▶ Exercise objective
All lines in the entries below that hold "clock" make up the answer.

▶ Excerpts from a dataset
——————————
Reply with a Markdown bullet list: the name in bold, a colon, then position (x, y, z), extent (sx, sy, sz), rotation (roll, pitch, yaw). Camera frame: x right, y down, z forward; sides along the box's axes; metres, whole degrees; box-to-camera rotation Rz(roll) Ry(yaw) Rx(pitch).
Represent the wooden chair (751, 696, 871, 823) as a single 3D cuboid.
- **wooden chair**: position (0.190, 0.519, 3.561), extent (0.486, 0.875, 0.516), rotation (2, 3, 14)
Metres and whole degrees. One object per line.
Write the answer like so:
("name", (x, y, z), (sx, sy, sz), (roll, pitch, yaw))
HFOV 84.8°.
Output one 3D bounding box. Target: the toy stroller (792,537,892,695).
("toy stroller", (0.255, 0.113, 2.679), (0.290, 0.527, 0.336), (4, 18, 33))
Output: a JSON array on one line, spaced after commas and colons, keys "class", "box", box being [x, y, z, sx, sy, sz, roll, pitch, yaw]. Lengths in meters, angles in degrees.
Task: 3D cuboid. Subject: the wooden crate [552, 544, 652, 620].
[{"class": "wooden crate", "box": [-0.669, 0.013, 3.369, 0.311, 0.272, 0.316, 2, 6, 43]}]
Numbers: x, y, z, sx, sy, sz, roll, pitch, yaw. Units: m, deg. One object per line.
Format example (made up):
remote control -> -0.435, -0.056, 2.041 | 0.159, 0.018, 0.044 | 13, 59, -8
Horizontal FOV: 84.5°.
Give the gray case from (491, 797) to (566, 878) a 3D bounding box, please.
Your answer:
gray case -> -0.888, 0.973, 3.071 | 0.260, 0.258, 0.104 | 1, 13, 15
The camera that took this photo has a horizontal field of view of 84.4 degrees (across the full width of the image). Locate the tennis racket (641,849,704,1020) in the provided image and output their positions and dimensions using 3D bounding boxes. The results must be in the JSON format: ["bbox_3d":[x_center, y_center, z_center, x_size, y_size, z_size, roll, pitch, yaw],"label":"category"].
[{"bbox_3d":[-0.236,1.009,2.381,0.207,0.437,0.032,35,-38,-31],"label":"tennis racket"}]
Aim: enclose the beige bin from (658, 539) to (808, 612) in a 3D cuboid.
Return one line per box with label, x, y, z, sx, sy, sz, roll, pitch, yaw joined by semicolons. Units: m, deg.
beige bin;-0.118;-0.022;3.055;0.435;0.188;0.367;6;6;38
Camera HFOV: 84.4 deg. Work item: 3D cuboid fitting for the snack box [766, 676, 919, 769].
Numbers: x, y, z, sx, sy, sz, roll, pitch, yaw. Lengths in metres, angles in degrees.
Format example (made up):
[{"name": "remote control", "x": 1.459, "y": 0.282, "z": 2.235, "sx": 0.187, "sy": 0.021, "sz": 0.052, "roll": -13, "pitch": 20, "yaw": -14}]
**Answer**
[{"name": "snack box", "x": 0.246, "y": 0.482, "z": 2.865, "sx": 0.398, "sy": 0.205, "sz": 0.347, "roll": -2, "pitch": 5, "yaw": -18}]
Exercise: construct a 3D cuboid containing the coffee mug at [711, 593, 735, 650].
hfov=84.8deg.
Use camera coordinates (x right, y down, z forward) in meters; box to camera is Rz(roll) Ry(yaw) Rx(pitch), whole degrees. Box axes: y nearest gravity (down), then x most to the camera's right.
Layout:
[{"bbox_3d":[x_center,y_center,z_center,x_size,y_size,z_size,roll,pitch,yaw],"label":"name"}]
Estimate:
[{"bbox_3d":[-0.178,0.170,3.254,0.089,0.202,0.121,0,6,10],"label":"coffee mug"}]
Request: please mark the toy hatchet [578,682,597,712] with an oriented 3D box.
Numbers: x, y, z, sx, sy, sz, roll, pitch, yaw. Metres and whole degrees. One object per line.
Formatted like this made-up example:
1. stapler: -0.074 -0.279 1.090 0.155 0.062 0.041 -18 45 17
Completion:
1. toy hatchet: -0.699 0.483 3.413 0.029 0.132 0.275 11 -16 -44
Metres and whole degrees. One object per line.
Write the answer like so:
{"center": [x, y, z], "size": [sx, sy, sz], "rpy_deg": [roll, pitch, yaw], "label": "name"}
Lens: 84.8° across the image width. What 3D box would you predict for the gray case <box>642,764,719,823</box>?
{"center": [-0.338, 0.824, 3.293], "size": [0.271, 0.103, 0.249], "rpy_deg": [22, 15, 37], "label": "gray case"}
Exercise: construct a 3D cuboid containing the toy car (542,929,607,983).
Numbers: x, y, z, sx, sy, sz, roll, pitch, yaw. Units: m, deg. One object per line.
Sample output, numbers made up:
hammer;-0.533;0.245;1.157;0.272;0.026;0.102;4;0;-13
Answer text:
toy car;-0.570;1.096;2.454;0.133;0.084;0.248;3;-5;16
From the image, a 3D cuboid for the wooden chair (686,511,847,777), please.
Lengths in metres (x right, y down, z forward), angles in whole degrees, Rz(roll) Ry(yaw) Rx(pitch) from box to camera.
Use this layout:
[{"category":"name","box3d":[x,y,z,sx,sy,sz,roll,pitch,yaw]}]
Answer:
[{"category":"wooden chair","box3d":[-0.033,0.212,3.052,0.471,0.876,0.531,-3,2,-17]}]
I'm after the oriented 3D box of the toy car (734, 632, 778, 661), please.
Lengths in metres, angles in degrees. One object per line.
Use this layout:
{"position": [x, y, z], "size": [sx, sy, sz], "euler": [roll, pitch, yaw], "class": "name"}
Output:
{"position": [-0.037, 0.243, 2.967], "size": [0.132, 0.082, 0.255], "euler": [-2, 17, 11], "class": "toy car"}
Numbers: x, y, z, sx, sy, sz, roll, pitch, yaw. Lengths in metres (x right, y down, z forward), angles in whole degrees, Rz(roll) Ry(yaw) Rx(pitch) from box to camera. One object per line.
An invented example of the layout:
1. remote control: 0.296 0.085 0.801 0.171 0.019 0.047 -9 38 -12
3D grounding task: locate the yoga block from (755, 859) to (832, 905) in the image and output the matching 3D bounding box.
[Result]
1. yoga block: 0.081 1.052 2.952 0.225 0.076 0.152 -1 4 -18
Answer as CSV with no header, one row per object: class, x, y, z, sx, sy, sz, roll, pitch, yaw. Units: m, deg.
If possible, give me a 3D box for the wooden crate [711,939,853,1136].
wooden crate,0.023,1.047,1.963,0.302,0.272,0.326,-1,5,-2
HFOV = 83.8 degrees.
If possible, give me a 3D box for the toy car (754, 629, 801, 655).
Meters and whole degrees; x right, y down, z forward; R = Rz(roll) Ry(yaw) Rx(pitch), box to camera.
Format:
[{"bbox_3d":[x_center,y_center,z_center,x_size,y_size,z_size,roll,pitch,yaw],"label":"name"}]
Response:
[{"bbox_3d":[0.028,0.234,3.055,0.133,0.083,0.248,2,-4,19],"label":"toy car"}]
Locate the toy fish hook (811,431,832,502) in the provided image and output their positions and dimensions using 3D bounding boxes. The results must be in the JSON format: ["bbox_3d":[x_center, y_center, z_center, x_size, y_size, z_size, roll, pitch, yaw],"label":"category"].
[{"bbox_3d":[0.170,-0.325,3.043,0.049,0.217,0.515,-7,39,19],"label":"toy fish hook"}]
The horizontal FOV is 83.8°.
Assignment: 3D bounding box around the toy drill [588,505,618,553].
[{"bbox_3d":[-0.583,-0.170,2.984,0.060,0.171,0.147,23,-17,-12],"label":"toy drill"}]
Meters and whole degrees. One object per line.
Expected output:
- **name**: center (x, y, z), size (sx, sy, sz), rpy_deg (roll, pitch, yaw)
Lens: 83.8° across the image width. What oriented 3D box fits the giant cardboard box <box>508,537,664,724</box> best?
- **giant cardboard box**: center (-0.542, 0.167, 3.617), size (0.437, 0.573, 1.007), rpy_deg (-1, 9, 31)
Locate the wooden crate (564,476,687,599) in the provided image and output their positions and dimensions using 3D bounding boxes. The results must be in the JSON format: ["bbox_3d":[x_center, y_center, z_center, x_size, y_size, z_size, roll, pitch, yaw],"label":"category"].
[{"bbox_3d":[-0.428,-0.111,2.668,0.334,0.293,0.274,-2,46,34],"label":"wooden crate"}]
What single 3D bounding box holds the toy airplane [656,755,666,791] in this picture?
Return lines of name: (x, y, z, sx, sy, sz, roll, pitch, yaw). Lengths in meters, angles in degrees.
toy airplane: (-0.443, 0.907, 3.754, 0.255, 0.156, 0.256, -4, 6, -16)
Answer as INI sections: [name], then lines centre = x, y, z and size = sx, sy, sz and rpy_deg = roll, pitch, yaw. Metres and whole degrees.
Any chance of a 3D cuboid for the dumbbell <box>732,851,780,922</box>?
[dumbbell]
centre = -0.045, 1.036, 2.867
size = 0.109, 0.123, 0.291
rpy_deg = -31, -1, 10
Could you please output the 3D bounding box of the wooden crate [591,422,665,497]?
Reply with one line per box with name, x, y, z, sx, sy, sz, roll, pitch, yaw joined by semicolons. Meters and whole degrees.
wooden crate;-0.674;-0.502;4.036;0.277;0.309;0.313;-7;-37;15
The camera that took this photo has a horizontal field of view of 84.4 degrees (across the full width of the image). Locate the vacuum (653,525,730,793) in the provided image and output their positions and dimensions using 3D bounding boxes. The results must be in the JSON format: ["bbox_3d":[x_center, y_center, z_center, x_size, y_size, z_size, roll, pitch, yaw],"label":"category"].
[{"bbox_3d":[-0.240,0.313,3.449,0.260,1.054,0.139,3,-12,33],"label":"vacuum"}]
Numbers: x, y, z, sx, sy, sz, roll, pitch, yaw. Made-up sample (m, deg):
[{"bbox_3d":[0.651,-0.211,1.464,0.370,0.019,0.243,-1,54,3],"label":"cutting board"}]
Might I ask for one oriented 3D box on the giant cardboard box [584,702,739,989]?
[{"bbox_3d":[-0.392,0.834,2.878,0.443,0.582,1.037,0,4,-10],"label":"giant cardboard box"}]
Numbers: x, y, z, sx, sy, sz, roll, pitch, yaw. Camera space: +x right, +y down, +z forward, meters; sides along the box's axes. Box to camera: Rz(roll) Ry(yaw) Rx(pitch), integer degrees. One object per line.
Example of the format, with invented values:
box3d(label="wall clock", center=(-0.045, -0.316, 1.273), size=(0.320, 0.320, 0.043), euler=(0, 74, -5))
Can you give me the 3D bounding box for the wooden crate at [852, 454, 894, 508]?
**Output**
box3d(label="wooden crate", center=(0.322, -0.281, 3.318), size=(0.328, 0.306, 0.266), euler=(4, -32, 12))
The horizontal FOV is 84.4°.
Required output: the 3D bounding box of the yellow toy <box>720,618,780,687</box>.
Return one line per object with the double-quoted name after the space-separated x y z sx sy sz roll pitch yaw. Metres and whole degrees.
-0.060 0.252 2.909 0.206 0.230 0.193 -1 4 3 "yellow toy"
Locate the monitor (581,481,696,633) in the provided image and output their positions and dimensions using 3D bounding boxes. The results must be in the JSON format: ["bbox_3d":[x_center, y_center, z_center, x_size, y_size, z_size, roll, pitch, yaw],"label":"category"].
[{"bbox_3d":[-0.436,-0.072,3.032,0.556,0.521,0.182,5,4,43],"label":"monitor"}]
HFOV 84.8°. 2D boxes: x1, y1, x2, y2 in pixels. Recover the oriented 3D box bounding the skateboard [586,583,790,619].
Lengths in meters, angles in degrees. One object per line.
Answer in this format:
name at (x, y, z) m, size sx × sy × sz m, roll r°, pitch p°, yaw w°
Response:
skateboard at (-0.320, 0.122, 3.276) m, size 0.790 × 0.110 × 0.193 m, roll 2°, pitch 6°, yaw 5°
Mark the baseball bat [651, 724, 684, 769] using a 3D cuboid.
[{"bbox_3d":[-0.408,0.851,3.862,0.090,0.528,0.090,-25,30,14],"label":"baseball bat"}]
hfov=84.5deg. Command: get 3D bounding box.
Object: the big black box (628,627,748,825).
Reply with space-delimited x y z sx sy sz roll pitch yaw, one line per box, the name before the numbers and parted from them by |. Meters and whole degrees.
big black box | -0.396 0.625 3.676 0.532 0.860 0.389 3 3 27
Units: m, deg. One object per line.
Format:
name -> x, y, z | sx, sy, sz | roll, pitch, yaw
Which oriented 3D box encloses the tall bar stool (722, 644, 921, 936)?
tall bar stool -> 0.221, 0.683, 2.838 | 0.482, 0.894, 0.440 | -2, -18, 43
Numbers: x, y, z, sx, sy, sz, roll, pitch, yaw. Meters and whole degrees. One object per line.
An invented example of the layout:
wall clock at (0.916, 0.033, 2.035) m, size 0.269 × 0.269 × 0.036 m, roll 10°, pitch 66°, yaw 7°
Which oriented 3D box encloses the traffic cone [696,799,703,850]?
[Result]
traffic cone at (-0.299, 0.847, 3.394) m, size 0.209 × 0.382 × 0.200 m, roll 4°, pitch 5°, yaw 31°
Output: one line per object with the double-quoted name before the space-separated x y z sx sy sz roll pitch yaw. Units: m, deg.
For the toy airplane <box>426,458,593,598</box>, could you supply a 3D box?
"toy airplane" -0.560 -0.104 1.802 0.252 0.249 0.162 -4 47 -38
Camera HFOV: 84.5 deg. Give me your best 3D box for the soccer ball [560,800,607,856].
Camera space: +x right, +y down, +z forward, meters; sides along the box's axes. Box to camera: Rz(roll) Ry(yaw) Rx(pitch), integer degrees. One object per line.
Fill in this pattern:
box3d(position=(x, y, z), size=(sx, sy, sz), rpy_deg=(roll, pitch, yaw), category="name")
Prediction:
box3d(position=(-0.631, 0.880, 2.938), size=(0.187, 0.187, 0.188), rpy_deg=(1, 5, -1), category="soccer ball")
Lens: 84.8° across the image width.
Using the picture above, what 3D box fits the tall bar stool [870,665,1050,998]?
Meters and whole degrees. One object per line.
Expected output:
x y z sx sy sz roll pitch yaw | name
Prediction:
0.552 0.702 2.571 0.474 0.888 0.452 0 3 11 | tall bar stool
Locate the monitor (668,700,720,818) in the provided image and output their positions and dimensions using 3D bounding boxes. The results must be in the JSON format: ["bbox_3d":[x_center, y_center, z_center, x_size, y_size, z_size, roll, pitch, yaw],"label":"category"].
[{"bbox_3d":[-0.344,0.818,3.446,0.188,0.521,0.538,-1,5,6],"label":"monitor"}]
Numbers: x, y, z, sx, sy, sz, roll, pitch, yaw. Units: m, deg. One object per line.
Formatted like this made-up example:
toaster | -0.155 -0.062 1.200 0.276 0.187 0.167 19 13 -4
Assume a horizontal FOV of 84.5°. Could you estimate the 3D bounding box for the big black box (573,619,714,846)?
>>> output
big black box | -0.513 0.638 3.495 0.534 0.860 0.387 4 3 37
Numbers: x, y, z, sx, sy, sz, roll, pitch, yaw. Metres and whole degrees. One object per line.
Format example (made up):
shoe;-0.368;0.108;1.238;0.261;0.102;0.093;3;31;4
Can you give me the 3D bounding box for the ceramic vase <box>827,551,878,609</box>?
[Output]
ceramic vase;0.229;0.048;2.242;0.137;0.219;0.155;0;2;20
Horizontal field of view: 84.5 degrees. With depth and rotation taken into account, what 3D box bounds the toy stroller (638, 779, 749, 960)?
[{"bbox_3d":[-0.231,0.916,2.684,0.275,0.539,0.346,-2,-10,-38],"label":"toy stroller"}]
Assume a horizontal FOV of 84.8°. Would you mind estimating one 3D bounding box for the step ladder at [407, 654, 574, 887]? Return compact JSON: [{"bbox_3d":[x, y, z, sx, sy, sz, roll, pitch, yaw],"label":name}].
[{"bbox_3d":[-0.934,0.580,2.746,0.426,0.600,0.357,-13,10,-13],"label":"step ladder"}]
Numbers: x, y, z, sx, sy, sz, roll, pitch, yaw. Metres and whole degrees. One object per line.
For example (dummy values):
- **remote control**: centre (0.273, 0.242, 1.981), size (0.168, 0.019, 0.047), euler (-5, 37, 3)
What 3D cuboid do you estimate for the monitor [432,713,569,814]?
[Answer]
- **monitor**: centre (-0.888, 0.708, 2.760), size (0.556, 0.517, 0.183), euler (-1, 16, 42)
——————————
▶ Solution to the exercise
box3d(label="wall clock", center=(-0.045, -0.316, 1.273), size=(0.320, 0.320, 0.043), euler=(0, 74, -5))
wall clock at (0.916, 0.033, 2.035) m, size 0.269 × 0.269 × 0.036 m, roll 10°, pitch 66°, yaw 7°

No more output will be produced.